A violent, gritty, soulful tribute to the character behind so much of this franchise's enduring popularity.
Tom Glasson
Published on March 01, 2017

Overview

"Joey, there's no living with...with a killing" explains Alan Ladd's character in the 1953 cowboy epic Shane. "There's no going back from it. Right or wrong, it's a brand, a brand that sticks. There's no going back. Now you run on home to your mother and tell her...tell her everything's alright, and there aren't any more guns in the valley".

Twice in Logan we hear this same passage, and it sets the theme for the entire film. Hugh Jackman's Logan, aka Wolverine, is one of modern cinema's greatest tortured souls: a near-invincible soldier of fortune forever seeking memories of better days lost to amnesia, whilst drinking to forget the ones even amnesia refuses to ensnare. Time has been no friend to the man unburdened by it, with lovers long since dead and buried, friends gone the same way, and no new mutants, we learn, born for the past twenty five years. Even his own body is at last breaking down, like an old turbine with grinding parts and blunt, malfunctioning blades. The immortal man is somehow dying, and he can't welcome it quickly enough.

If it's not already obvious, Logan represents something of a seismic shift for the X-Men franchise – a billion dollar film series that has, until now, consisted largely of family-friendly crowd-pleasers. Ultra-violent and with Scorsese level foul language, Logan at long last unleashes the true, brutal fury of the eponymous beast whose gruesome deeds have, for the past seventeen years, only ever been teased out or implied.
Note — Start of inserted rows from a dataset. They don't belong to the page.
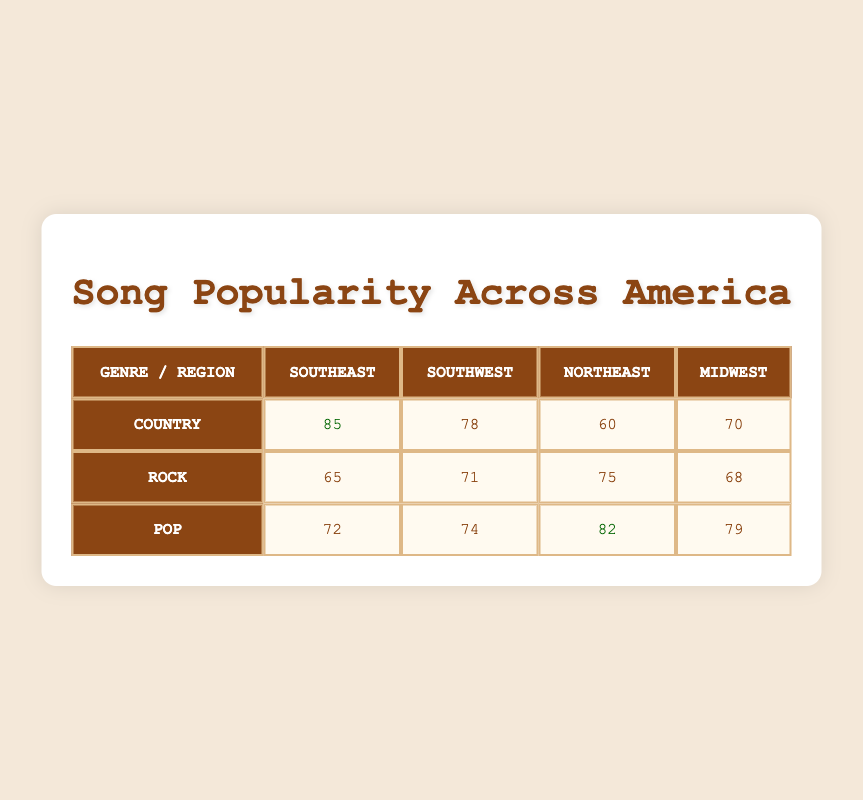What's the popularity score of Country music in the Southeast region? The table shows the popularity score of Country music under the Southeast column, which is 85.
Answer: 85 Which genre has the highest popularity score in the Northeast region? In the Northeast column, the popularity scores are Country (60), Rock (75), and Pop (82). The highest score is from Pop, which is 82.
Answer: Pop What is the average popularity score for Rock music across all regions? The popularity scores for Rock are 65 (Southeast), 71 (Southwest), 75 (Northeast), and 68 (Midwest). Adding these scores gives 65 + 71 + 75 + 68 = 279 and dividing by 4 (the number of regions) gives an average of 279 / 4 = 69.75.
Answer: 69.75 Is the popularity score of Pop music higher in the Midwest or the Southeast? The scores for Pop music are 79 in the Midwest and 72 in the Southeast. Since 79 is greater than 72, Pop music is more popular in the Midwest.
Answer: Yes Which genre has the lowest total popularity score across all regions? Totaling the scores: Country (85 + 78 + 60 + 70 = 293), Rock (65 + 71 + 75 + 68 = 279), and Pop (72 + 74 + 82 + 79 = 307). Rock has the lowest total of 279.
Answer: Rock What is the difference in popularity score between Country music in the Southeast and Northeast? The scores are Country in the Southeast (85) and Northeast (60). The difference is calculated as 85 - 60 = 25.
Answer: 25 Does any genre have a popularity score above 80 in the Southwest region? The scores for the Southwest region are Country (78), Rock (71), and Pop (74). None of these scores exceed 80.
Answer: No What is the total popularity score for Country music across all regions? The scores for Country music are 85 (Southeast), 78 (Southwest), 60 (Northeast), and 70 (Midwest). When added together: 85 + 78 + 60 + 70 = 293.
Answer: 293 Which region has the highest popularity score for Country music? Looking at the Country scores, Southeast is 85, Southwest is 78, Northeast is 60, and Midwest is 70. The highest score is in the Southeast region.
Answer: Southeast

Limbs are severed and skulls are skewered with bloody repetition, yet neither the frequency nor the intensity of the violence ever feels gratuitous. This is a dark, gritty and yet soulful production that finally honours the character behind so much of the X-Men saga's enduring popularity.

In the lead roll, Jackman imbues Logan with all the rage, self-loathing and pain befitting a man who's literally seen it all. With greying hair and a weathered face hidden beneath a wild, bushy beard, the actor limps and heaves his way through every scene with palpable discomfort. Alongside him, Patrick Stewart returns as the wheelchair-bound Professor Charles Xavier, now a prisoner to his own failing (yet terrifyingly powerful) mind, the implications of which are brilliantly woven into the script. Stephen Merchant, too, joins the franchise in a wonderfully soulful turn, whilst the film's villains are this time embodied by Narcos' Boyd Holbrook and the ever-reliable Richard E Grant.
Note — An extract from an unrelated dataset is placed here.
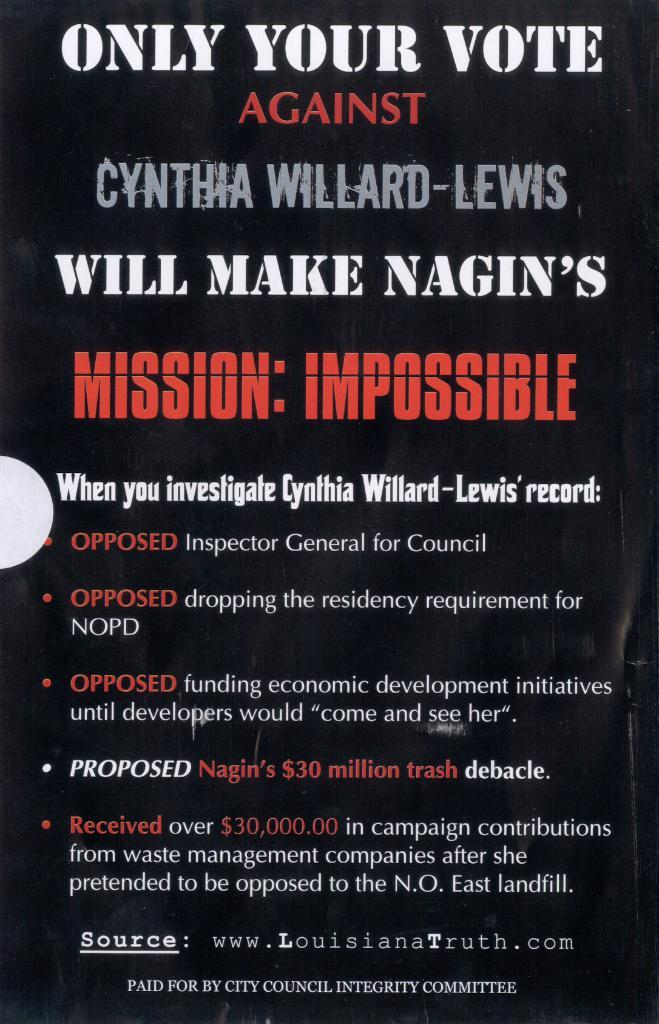<image>
Relay a brief, clear account of the picture shown. and ad that reads your vote against make nagins

Then, finally, there's newcomer Dafne Keen as a young mutant named Laura, and if you've seen the film's trailer you'll likely have already guessed her connection to both this story and its key characters. In the interest of preserving what surprises we can, the less said about Keen the better, except to note that her performance is outstanding and her scenes with Jackman ground the film in a deeply personal way.

This is a bold offering from director James Mangold and an extraordinary conclusion to an otherwise ho-hum trilogy of Wolverine-centric spinoffs (see also: X-Men Origins: Wolverine and The Wolverine). In an age of unending sequels and computer-generated chaos, Logan is a timely reminder that for all of their spectacle, the best superhero films can begin and end with human-driven stories.